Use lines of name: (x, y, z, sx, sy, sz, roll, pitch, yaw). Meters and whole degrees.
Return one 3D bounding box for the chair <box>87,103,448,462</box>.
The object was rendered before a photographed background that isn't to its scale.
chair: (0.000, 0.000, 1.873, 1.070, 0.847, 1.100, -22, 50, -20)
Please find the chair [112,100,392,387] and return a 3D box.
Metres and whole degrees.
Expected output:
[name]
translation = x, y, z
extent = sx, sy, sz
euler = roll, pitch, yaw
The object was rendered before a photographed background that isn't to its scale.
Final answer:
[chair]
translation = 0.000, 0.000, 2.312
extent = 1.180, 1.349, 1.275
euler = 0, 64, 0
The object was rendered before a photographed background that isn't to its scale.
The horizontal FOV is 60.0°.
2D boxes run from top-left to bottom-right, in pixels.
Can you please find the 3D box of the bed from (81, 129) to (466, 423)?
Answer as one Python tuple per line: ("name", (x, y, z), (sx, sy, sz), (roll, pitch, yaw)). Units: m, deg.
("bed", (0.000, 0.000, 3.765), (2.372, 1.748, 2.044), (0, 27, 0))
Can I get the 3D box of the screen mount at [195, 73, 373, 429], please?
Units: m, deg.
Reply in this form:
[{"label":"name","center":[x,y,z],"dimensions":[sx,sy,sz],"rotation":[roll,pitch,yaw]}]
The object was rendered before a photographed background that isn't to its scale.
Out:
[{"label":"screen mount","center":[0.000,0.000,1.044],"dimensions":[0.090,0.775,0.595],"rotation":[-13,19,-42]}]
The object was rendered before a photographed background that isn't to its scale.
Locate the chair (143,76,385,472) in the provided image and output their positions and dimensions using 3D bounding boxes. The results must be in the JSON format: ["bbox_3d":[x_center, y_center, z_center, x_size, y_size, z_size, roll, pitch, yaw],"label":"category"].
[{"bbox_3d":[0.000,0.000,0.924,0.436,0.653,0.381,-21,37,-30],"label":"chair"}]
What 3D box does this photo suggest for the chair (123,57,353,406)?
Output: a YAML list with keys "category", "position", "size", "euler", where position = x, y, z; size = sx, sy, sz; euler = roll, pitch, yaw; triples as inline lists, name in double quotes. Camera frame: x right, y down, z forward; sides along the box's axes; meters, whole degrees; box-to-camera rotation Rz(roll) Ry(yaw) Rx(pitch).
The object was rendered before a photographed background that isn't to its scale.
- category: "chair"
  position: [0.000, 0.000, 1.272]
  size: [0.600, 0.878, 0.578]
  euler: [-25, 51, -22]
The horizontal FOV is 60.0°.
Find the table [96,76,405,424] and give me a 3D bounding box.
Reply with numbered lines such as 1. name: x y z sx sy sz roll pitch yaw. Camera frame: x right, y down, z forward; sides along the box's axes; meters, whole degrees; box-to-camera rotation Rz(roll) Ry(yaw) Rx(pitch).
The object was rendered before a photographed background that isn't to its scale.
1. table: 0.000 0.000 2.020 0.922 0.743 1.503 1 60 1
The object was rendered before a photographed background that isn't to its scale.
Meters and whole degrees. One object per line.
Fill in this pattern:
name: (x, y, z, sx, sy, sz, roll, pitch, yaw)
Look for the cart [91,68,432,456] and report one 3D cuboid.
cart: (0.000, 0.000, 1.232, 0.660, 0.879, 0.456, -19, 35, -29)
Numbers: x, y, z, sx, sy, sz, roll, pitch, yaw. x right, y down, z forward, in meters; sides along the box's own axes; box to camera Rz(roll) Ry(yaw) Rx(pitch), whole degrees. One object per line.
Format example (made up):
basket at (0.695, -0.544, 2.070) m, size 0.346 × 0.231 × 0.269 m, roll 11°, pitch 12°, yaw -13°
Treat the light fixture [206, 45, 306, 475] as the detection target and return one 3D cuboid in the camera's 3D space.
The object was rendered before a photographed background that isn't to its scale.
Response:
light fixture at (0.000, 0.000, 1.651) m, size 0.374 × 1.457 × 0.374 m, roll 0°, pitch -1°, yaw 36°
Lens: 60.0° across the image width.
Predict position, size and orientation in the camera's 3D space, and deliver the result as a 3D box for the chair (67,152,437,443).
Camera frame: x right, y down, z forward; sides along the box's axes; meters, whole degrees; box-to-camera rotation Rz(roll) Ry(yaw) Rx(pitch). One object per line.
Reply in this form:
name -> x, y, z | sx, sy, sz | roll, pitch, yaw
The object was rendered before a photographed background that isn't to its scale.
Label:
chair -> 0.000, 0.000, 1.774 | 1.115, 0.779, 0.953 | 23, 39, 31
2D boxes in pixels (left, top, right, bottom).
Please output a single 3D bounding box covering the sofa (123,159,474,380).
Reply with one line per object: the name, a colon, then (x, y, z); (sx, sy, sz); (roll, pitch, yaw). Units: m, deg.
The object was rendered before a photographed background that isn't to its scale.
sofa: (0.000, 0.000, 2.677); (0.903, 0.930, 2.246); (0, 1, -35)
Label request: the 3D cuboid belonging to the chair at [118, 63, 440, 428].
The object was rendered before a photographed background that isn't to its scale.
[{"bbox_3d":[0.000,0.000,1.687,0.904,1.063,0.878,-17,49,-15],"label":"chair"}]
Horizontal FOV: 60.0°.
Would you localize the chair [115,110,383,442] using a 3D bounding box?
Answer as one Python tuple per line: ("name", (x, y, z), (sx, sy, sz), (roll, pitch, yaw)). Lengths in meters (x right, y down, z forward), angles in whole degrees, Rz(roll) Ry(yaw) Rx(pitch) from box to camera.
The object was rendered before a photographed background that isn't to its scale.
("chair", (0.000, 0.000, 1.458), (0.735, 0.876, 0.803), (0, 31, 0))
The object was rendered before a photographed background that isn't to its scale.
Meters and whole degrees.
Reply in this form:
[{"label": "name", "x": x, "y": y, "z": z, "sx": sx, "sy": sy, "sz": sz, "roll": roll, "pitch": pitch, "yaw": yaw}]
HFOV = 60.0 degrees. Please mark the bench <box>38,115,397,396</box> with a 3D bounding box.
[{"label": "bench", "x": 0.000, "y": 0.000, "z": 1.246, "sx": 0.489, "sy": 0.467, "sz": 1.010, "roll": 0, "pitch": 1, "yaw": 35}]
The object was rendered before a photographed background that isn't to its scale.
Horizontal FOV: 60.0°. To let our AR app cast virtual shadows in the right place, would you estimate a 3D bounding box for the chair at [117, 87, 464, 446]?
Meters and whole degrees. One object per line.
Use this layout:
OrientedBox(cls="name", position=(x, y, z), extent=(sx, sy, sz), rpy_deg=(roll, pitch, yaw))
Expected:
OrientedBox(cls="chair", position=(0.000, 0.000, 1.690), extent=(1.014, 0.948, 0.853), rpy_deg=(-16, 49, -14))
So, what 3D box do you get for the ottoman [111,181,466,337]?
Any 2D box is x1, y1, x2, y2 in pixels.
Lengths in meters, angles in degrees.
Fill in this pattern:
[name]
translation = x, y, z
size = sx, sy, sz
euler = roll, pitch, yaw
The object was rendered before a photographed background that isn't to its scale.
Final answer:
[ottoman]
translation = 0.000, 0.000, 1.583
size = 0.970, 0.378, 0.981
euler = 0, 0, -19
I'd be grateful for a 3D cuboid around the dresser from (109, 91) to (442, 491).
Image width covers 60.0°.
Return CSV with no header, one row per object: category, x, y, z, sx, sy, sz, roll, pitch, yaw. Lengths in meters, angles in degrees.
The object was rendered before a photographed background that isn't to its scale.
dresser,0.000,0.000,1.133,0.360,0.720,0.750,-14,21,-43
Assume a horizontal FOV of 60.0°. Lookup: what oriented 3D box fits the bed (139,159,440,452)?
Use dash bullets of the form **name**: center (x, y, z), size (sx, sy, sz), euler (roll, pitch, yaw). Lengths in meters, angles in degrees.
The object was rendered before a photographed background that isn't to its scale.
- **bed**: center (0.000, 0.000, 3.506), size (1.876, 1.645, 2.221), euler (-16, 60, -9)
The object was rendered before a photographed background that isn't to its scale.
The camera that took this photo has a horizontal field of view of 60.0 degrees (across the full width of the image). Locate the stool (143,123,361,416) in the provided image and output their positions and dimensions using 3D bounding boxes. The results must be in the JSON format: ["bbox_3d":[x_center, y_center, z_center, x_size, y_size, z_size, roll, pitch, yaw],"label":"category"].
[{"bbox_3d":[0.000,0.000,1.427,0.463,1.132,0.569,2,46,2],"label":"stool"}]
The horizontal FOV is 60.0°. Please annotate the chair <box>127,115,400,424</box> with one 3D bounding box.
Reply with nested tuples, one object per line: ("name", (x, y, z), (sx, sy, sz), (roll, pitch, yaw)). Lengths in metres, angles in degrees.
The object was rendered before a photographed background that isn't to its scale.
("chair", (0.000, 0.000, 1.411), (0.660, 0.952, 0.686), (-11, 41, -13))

WHAT YOU WILL DO: Could you restate, word for word, every line from the one containing "Reply with nested" through the last line of the records above, and nothing more?

YOUR SOLUTION:
Reply with nested tuples, one object per line: ("name", (x, y, z), (sx, sy, sz), (roll, pitch, yaw)). Lengths in metres, angles in degrees.
The object was rendered before a photographed background that isn't to its scale.
("chair", (0.000, 0.000, 1.411), (0.660, 0.952, 0.686), (-11, 41, -13))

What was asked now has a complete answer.